I’m going to skip explaining the ‘lapply’ function right now – just know that you don’t need to change anything here but the values for your scales. That is, you can change “Strongly Agree” to “Very Often” if that’s the scale you’re using, or change the value for Strongly Agree to a different number. You can add more values, too, just make sure that:

  • each value is separated by a semicolon (;)
  • your text values are in SINGLE quotes,
  • the final bit of code has an end double quote and a closing parenthesis.
# --> Load the library that has the recode function (car) - this one generally comes with R so you shouldn't need to install
 
   library (car)
 
# --> Now do a batch recode!  The code below works for your typical 1-5 "Strongly Disagree -> Strongly Agree" scale but you can use 
 
myData <- lapply(myData, FUN = function(x) recode(x, "'Strongly Agree' = 5; 'Agree' = 4; 
                                              'Neither Agree nor Disagree' = 3; 'Disagree' = 2;
                                              'Strongly Disagree'=1; 'not applicable' = NA")

STEP 3: Convert back to a table

Almost done. The last step to find/replace is to convert this new object you’ve created back into a data frame, which only uses one line of code.

 
# --> Change object back into data frame
 
   myData <- as.data.frame(myData)

STEP 4: Send back to EXCEL

Many of us that use R for data analysis will skip this step, and just start analyzing here. But you can absolutely just send this right back to EXCEL if you’d like.

# --&gt; Write to EXCEL
 
   write.xlsx(myData, 'Data recoded.xlsx')

Boom – you’re done! Now, I know, some of you are thinking, ‘But Andrea, in EXCEL find/replace is just one step, and you’ve just given us FOUR steps to follow.
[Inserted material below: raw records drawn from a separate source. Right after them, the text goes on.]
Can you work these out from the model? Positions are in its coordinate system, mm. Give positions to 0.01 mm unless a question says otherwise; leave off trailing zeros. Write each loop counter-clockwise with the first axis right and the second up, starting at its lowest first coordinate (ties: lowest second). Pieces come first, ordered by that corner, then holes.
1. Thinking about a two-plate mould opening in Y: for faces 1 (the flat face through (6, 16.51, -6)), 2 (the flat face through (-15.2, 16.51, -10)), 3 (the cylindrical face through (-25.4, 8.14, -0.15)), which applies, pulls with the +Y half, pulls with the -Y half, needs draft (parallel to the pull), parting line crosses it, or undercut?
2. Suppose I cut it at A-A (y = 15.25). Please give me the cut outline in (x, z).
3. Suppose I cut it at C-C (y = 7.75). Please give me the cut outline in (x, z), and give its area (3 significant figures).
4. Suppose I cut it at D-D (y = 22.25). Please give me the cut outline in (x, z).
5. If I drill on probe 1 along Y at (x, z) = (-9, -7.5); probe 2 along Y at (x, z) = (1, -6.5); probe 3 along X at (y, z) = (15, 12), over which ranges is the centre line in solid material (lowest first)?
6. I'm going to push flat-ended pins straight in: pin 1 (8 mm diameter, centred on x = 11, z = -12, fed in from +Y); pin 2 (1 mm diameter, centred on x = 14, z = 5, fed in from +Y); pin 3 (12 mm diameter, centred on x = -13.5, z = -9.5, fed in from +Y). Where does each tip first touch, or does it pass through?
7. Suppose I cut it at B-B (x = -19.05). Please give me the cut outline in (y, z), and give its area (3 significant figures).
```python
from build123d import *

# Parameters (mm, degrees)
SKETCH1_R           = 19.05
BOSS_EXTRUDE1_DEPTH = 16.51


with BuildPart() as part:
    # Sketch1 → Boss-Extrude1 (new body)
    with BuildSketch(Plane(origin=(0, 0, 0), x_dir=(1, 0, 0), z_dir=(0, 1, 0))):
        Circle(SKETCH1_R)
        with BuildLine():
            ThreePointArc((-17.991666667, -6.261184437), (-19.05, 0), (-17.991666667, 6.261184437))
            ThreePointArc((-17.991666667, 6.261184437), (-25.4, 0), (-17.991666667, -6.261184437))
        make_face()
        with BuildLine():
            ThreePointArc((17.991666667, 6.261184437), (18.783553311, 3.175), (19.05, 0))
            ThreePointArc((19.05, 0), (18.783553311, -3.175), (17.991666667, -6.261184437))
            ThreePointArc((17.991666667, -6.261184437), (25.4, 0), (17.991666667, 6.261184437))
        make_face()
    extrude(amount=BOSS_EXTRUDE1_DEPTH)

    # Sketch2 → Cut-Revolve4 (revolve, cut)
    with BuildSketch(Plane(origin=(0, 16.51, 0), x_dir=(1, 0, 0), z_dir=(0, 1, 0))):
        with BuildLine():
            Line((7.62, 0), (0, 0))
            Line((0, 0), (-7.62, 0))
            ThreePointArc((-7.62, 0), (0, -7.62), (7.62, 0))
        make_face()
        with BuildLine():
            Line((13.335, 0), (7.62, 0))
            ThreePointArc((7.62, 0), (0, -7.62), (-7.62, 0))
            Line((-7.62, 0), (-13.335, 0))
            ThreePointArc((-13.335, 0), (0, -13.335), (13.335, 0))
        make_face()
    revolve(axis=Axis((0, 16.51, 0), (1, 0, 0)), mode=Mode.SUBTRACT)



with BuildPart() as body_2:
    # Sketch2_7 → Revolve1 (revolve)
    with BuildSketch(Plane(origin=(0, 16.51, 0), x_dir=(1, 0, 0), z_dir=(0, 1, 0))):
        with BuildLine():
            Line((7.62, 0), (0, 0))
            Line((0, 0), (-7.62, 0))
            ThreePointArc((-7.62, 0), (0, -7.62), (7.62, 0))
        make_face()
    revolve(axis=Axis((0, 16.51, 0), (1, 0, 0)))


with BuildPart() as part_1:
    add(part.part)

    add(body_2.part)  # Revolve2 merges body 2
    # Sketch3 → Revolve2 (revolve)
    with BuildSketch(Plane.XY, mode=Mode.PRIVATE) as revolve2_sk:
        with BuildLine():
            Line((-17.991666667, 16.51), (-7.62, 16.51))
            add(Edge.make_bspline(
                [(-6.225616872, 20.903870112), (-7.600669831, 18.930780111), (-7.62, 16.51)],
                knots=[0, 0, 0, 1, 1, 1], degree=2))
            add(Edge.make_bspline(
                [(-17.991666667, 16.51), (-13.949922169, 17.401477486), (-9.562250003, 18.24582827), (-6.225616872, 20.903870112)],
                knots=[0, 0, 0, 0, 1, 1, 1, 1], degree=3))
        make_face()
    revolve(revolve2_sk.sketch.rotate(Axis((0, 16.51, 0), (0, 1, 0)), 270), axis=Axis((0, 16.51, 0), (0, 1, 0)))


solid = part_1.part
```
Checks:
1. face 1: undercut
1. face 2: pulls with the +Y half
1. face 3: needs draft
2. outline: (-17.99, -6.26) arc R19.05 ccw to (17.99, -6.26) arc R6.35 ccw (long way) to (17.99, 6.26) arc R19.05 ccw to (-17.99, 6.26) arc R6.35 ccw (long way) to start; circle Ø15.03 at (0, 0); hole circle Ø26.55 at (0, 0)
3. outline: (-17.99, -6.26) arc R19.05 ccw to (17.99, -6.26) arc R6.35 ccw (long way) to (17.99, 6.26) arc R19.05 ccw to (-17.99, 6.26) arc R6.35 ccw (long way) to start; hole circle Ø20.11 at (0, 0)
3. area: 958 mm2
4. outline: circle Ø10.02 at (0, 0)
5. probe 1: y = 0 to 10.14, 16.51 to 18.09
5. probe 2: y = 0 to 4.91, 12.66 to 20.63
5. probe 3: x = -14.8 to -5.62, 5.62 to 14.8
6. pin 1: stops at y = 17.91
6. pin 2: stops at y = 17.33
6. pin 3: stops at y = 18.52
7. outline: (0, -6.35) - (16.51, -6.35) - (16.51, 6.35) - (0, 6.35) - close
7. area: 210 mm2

I’m going to ignore this post and keep doing things as I’ve always done.’

But here’s why this way is better:

  • It is NOT just one step in EXCEL! You’ve got to Find/Replace each individual value…and it’s more time consuming than you think.
  • Once you have the base code written down you can reuse it over and over!
  • Similarly, if you save the R file, you can recode this particular data set over and over again. If you get a survey update with 10 more students, you don’t have to spend an hour finding/replacing – you literally just use the same exact code you’ve already written.
  • You’re not going to make silly mistakes.

Try it out! I’ve got the entire code below for your copy/pasting needs. The items that you will need to change should appear in RED. You should be able to leave all of the rest of the code as is.

 
# --> Set the directory where your files are : you can get to this in R studio by going to Session -> Set Working Directory 
 
setwd("~/Directory Of Your Files")   # set working directory
 
 
library(openxlsx) # if this is your first time using openxlsx, you'll need to install first
 
    # Use this code first if so ->   install.packages("openxlsx") 
 
myData <- read.xlsx("Your EXCEL FILE.xlsx", sheet=1)
 
# --> Load the library that has the recode function (car) - this one generally comes with R so you shouldn't need to install
 
   library (car)
 
# --> Now do a batch recode!  The code below works for your typical 1-5 "Strongly Disagree -> Strongly Agree" scale but you can use 
 
myData <- lapply(myData, FUN = function(x) recode(x, "'Strongly Agree' = 5; 'Agree' = 4; 
                                              'Neither Agree nor Disagree' = 3; 'Disagree' = 2;
                                              'Strongly Disagree'=1; 'not applicable' = NA")
 
# --> Change object back into data frame
 
   myData <- as.data.frame(myData) 
 
 
# --> Write to EXCEL
 
   write.xlsx(myData, 'Data recoded.xlsx')

Try it out and let me know how it goes! I promise, after you’ve saved yourself an hour of tedious finding and replacing, you’ll be a convert!